Motherhood, Interrupted: How I Overcame Infertility (by Heidi Hayes)

How I Overcame Infertility

From the moment we are born, life revolves around milestones. Your first word, first step, graduation day, engagements, marriage, and even the moment you decide you’re ready to start trying for children.

For most people, however, choosing egg donation as a solution to their infertility does not make the list of memorable moments.

My husband and I are not most people.

Becoming a Statistic: Discovering we were 1 in 8.

Like most happy couples, the first few years of our marriage were pure bliss. We dedicated ourselves entirely to one another and enjoyed our newly minted marital status. Eventually, though, the timing felt right and we opened the door to a conversation about getting pregnant.

It’s not always easy deciding you’re ready to have children, but when you finally come to that conclusion – it’s exhilarating. You leave the safety and comfort you’ve found as a family of two and begin to dream of the future memories and moments you will have with your kids.

For us, however, the exhilaration was short-lived.

Time after time, I sat down in the bathroom to take a pregnancy test. I would carefully wash my hands and hold my breath as the timer ticked away bringing us seconds closer to the moment we’d been praying about.

Time after time, our tests were negative.

As months wore into years without a single positive result, we began searching for help. Our lives became a whirlwind of fertility appointments that ended in numerous IUI’s and eleven arduous IVF and fertility embryo transfer cycles.

Despite the best efforts of our reproductive specialist, we were no closer to a baby then we’d been at the start.

Following our last failed cycle, we sat in our doctor’s office and awaited a new answer, a new shred of hope. I can recall the ticking of a clock and the quickening of my heartbeat when the doctor walked into the room. Rather than explain our next course of action, however, he gave us news a woman never wants to hear.

My body was incapable of sustaining a pregnancy created using my own eggs; my eggs were not viable.

Navigating the Emotions of Infertility.

There are few things more heart-wrenching than coping with infertility in an age where our lives are blasted on social media, our emotions are constantly being affronted by pregnancy announcements, births, and the next generation’s collection of milestone moments.

Following my doctor’s diagnosis, I found myself traversing the five stages of grief we’ve all heard about:

  1. Denial & Isolation
  2. Anger
  3. Bargaining
  4. Depression
  5. Acceptance

As hard as I tried to accept the information my doctor gave us; it still felt like a helpless task. I wallowed in moments of self-pity and sometimes found myself angry at the unfairness of it all.

For couples struggling with infertility, the same questions present themselves over and over:

  • Why is it so easy for some women to get pregnant?
  • What would have happened if we’d started trying sooner?
  • Should we have sought out help before we did?
  • If I keep trying will I eventually be successful?

We were riddled with a constant barrage of why’s and what-if’s. Some days it felt as though the emotions that came with this journey were too much for one person to bear. Eventually, however, I saw that the only way out was by simply coping with them.

Accepting What Cannot Be Changed.

Coming to terms with our situation felt like an impossible task. In the days that followed our appointment, my ability to make logical decisions about our next step was blinded by the way I was feeling. We decided it was time for a break.

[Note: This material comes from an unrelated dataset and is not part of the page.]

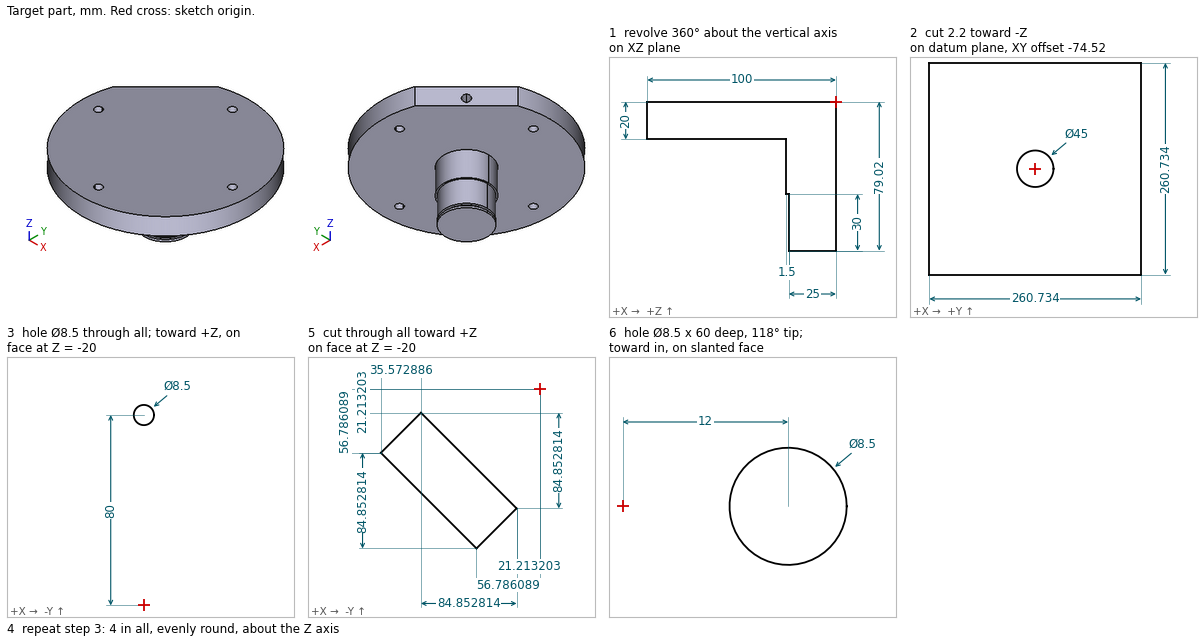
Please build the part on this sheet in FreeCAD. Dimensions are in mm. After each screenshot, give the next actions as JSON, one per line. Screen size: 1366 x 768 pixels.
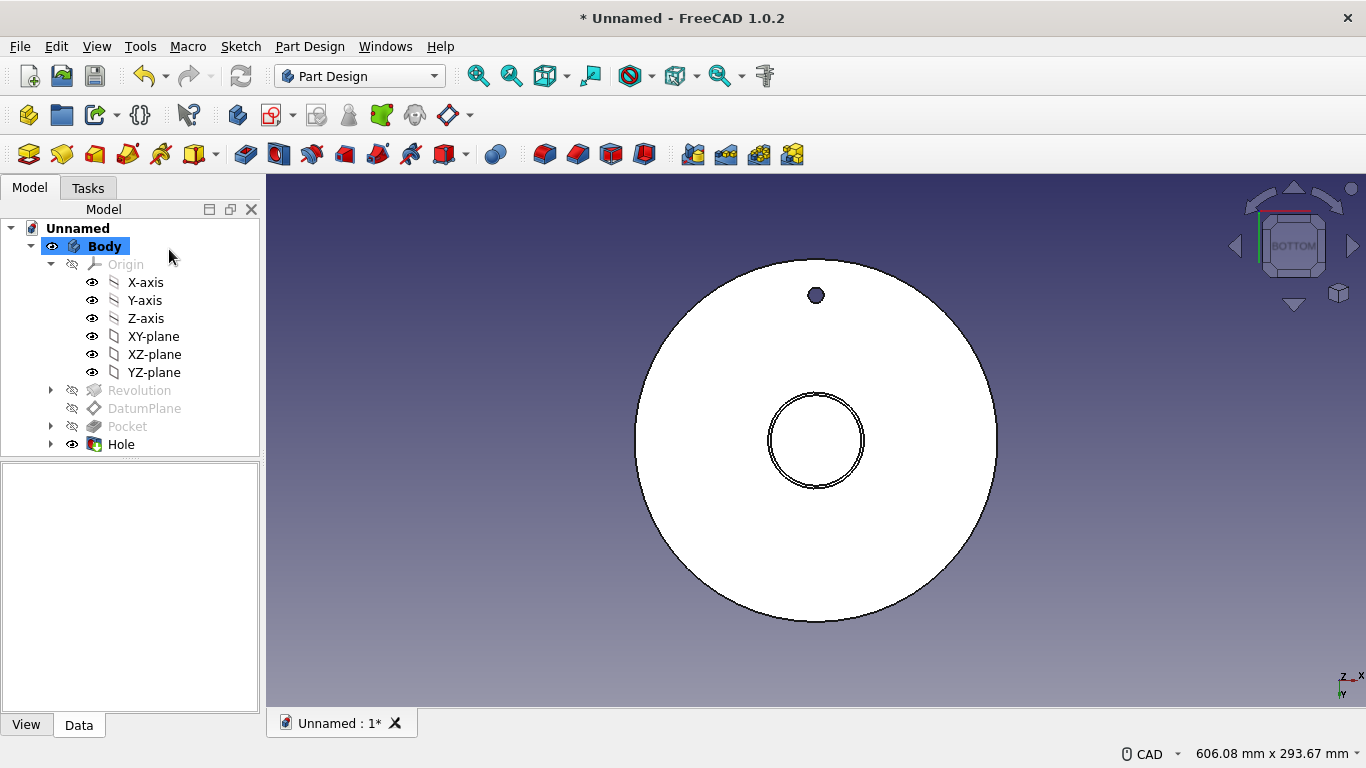
{"action": "left_click", "coordinate": [117, 444]}

Instead of trying to figure out what came next, I took the time to confront my emotions. I’ve learned over the years that when women are dealing with any number of different infertility diagnoses, the best way to move forward is by giving yourself a chance to breathe and accept.

Rather than trying to run away from your emotions, learning how to cope with the grief and loss of infertility is an essential part of the process. Depending on your own responses to stress, there are so many coping mechanisms you can try, such as:

  • counseling;
  • journaling;
  • creative outlets;
  • communicating with your partner;
  • vacation;
  • and exercise.

In our break from trying, I allowed myself to be whatever I needed to be at any given moment. Whether I needed to feel angry, frustrated, or even depressed, I took the time to process those emotions.

I can’t remember now how long it took before I began to feel a little more normal. In my heart, I knew that I had finally begun to accept the fact that I would never have my own biological child; but that didn’t mean I was ready to give up hope for a family.

It was during this period that adoption came to the forefront of our minds.

The Highs and Lows of Adoption.

Once my husband and I were ready to continue trying for a child, we knew that adoption was the next step.

Through this beautiful process, we finally became what we’d been dreaming of – parents.

I wish I could find the words to describe the way I felt when we first laid eyes on our little boy. Though a trying experience filled with paperwork, adoption fees, and trips to Guatemala, it was one of the most significant journeys of my life.

We were elated to finally be a family of three, and amazed by how much we loved our son. Soon though, we began to wish for a daughter. We’d always dreamt of having two children and, after a few years, the niggling sensation that it was time to try again became our constant companion.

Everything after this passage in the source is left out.